The tax law has used two different approaches with respect to the actuarial
assumptions used to compute life insurance reserve liabilities. Under the 1959 Act,
life insurance companies used, for tax purposes, the same actuarial assumptions that
the companies chose to use for reporting their reserve liabilities on their Annual
Statements for state regulatory purposes. The principal concern of the state insurance
regulators is to assure solvency — that is, to make certain that life insurance
companies set aside sufficient assets to meet their future liabilities to their
policyholders. To accomplish this goal, the insurance regulators want to prevent life
insurance companies from understating their liabilities. Consequently, the regulators
specify “minimum” actuarial assumptions but permit the use of more conservative
assumptions. Thus, the state insurance regulators may prevent life insurance
companies from using an interest rate assumption in excess of 5%, but a life
insurance company could choose to use an interest rate assumption of 3% or 4%.
While drafting the life insurance company tax provisions of the 1984 Act,
Congress recognized that some life insurance companies used reserve actuarial
assumptions that were exceedingly conservative, thereby reducing the amount of
income subject to taxation. For this reason, it enacted Internal Revenue Code Section
807, which contains new limits on the actuarial assumptions that may be used for
computing reserves for tax purposes.
As a general rule, the life insurance reserve used for tax purposes for any
contract is the greater of: (1) the net surrender value of the contract; and (2) the
reserve computed in compliance with the requirements of IRC Section 807. In
general, this provision precludes the use of actuarial assumptions that would produce
unduly large reserves. Consequently, the reserve levels tend to be the minimum level
of reserves that the states mandate. Specifically, IRC Section 807 mandates that the
most significant actuarial assumptions be determined as follows:
(1) the actuarial likelihood that benefit payments will become payable will
be based upon minimum state regulatory standards.

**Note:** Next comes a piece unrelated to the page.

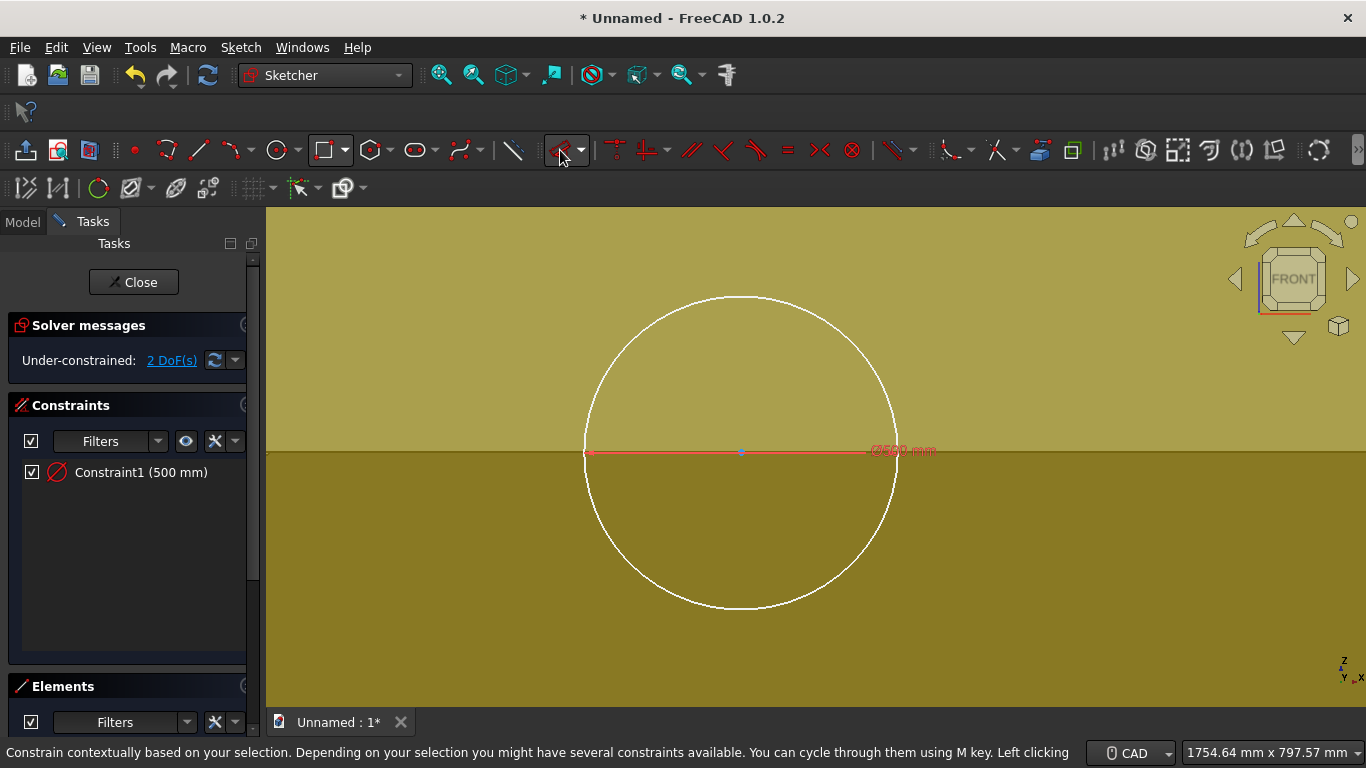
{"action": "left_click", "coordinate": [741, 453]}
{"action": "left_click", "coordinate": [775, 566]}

The reserves
computed with respect to contracts issued in a given year are determined
utilizing the “prevailing commissioners’ standard table for mortality and
morbidity.” The National Association of Insurance Commissioners (the
“NAIC”) publishes Commissioners’ Standard Tables when sufficient new
actuarial data becomes available. When life insurance companies are
allowed to use the new table for computing reserves for state regulatory
purposes in at least 26 states, the table becomes the prevailing table.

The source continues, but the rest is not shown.